Bookkeeping can be a confusing task because there are so many ways to do it. It’s not easy for someone who is untrained to understand how to log transactions.
Most people have heard of double-entry bookkeeping, but what about journal entry? What’s the difference between these two? Is there even a difference at all?
A journal entry, in the field of accounting, is the idea of logging a transaction as a journal item.
A journal entry can be several recordings, and each recording is either a debit or a credit.
For the entry to balance, the total of the debits and credits must be equal.
Journal entries, alone, are not a bookkeeping system, but they are a part of the task of “doing the books”.
Double entry is a system of bookkeeping which uses two or more accounts. They may have a cash account and a loans payable account, for example.
When they borrow money, the money will go into the cash account, and will also have a corresponding entry in loans payable.
When they make a loan payment, the payment will decrease loans payable, and money will also be deducted from the cash account.
All transactions in double entry require two entries, but it can sometimes be confusing figuring out which account to record a purchase under.
Journal entries are a part of double-entry bookkeeping, for transactions that are not cash or bank purchases.
Choosing a Bookkeeping System
For a very small business, double-entry bookkeeping might be overkill.
If you are a sole trader with very few transactions on a monthly basis then you may be fine doing single entry accounting.
This is particularly true if your customers tend to pay cash or pay as they receive their services.

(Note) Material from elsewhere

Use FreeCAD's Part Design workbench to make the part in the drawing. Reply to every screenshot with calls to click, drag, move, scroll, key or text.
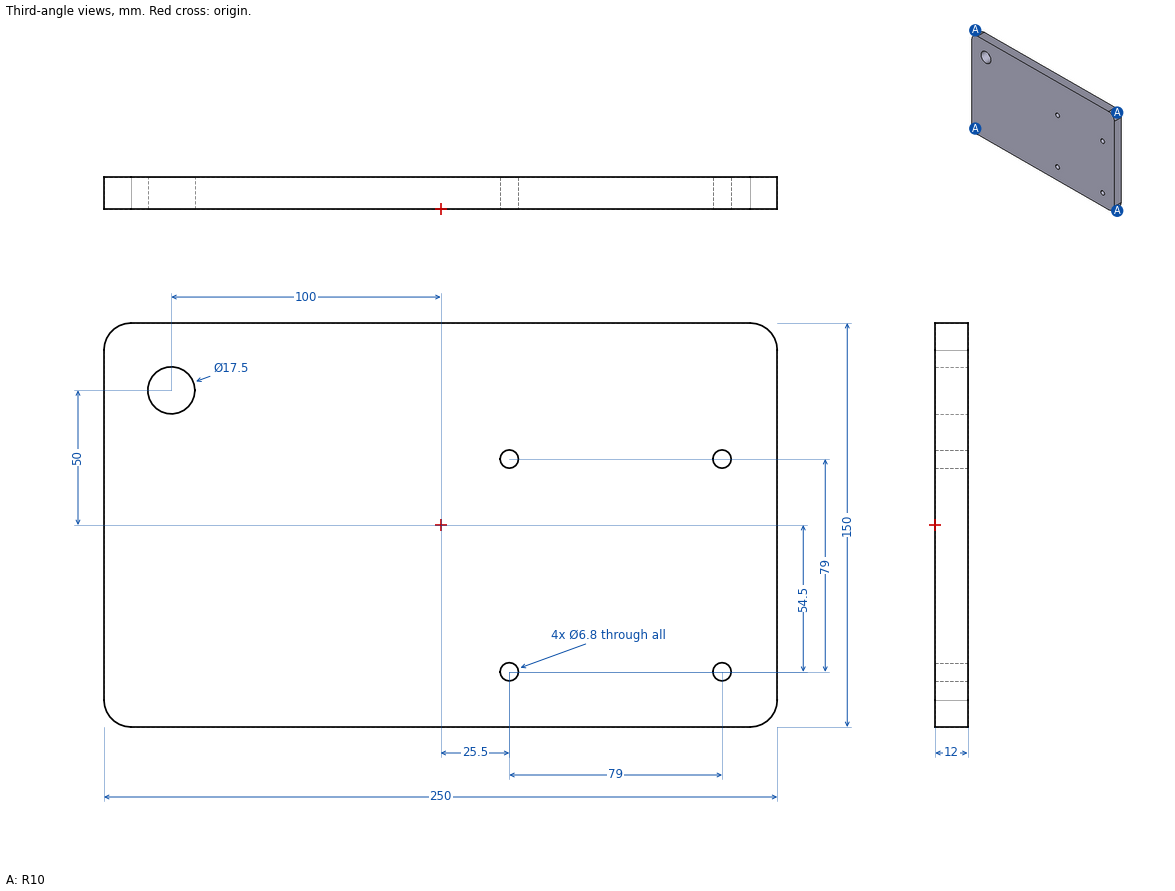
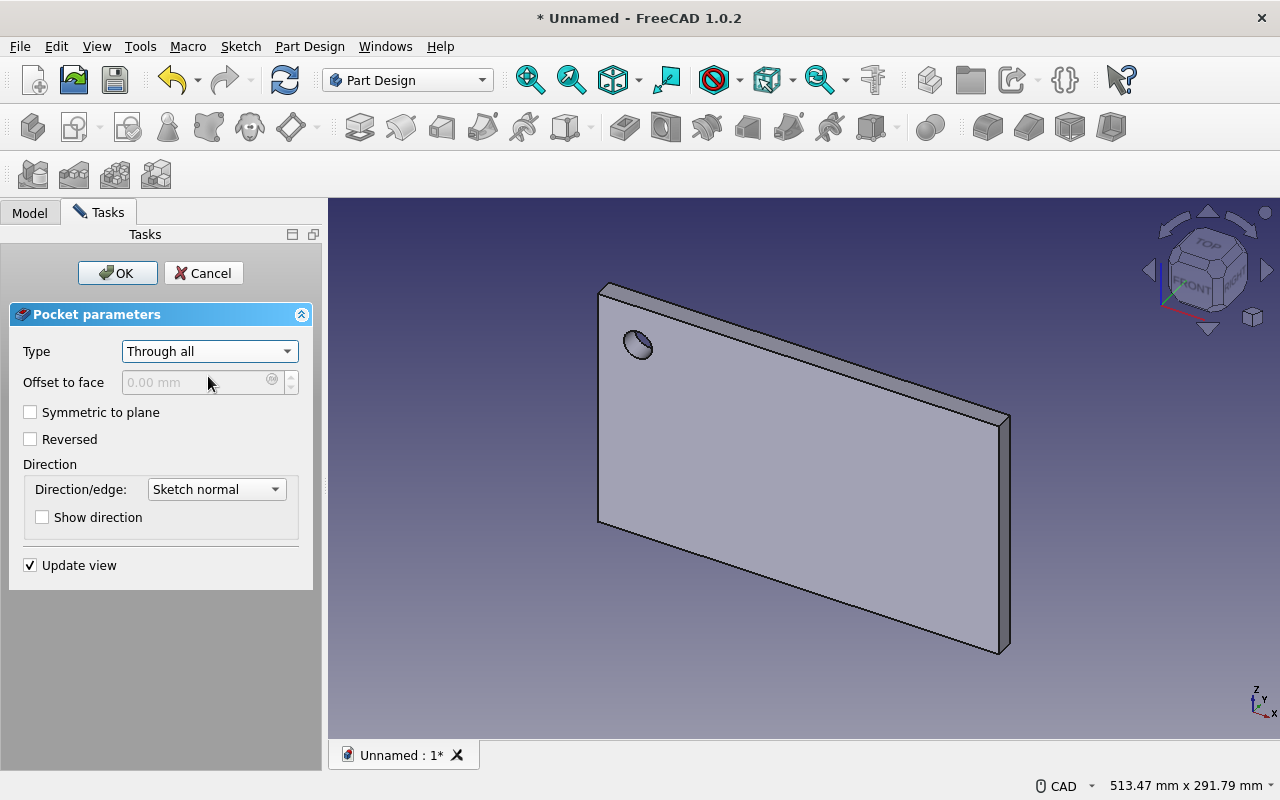
click(118, 273)

With single-entry bookkeeping, you simply record each transaction as a journal entry with a date, description, and whether it was a credit or debit.
You may want to put the transactions into types so that you can keep track of them more readily. It’s simple and efficient, and ideal for small businesses.

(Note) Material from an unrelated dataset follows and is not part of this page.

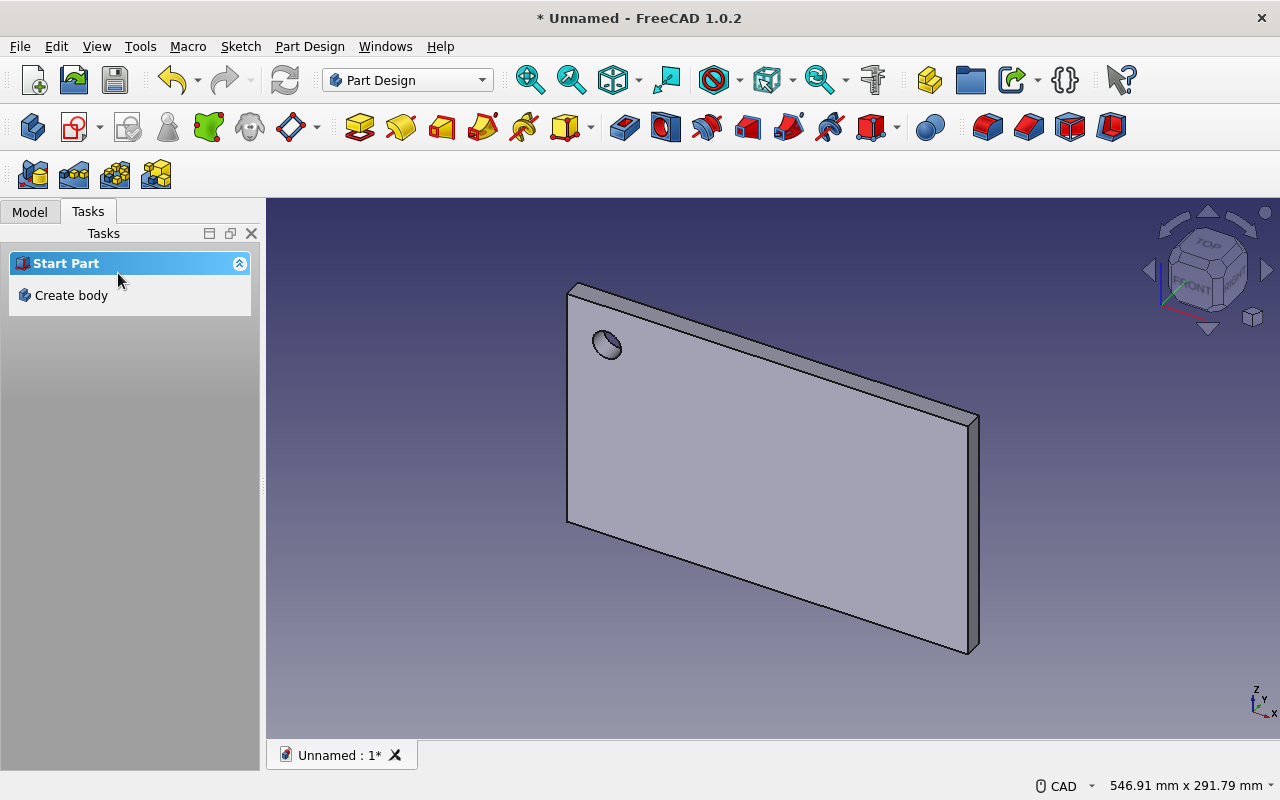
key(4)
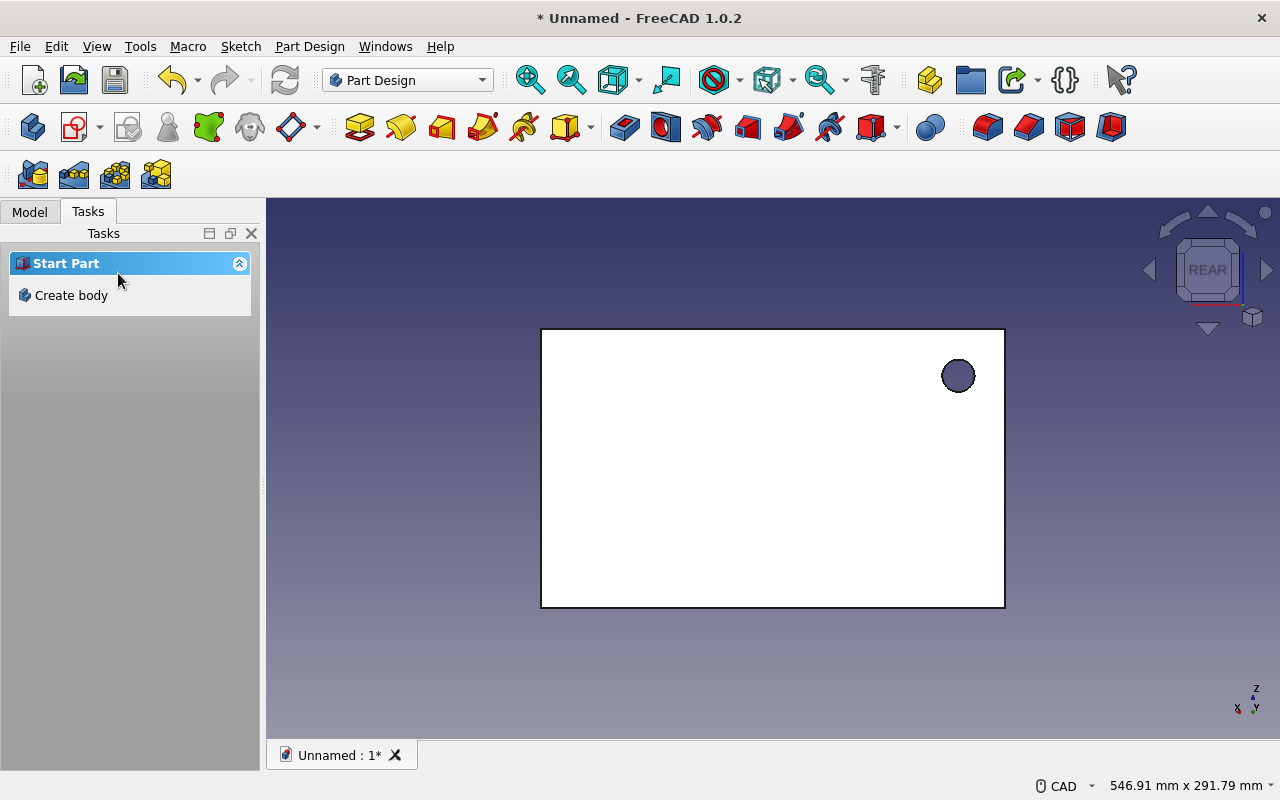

When your business grows and you have to keep track of accounts receivable, then you will need to have a more detailed system and that’s when assets, liabilities, and multiple accounts become more useful.
Accounts can be tracked in a cash book, a spreadsheet, or accounting software such as Xero or Quickbooks (both of which have both online and offline versions).
Accounting software makes it easier for you to keep track of your transactions.
The entry-level versions of the most popular types of accounting software are quite easy to use and will guide you when it comes to where to add transactions to make things balance.
If you are still confused or would like someone to look at your books to tell you whether or not you are doing things correctly, then we recommend you call in some experts.
A little time spent now to have your accounts properly looked over can go a long way towards ensuring that everything is “balanced” and that your business is running the way that it should be.
Whatever bookkeeping system you decide to use, make sure that you are consistent about logging transactions as they occur.
Don’t let them rack up for too long, because trying to catch up with dozens or hundreds of unprocessed transactions can be stressful and time-consuming, and that’s when errors start to creep in.
Stay on top of your transactions, and monitoring the health of your business will be much easier. The best part is that your tax returns will be simpler as well!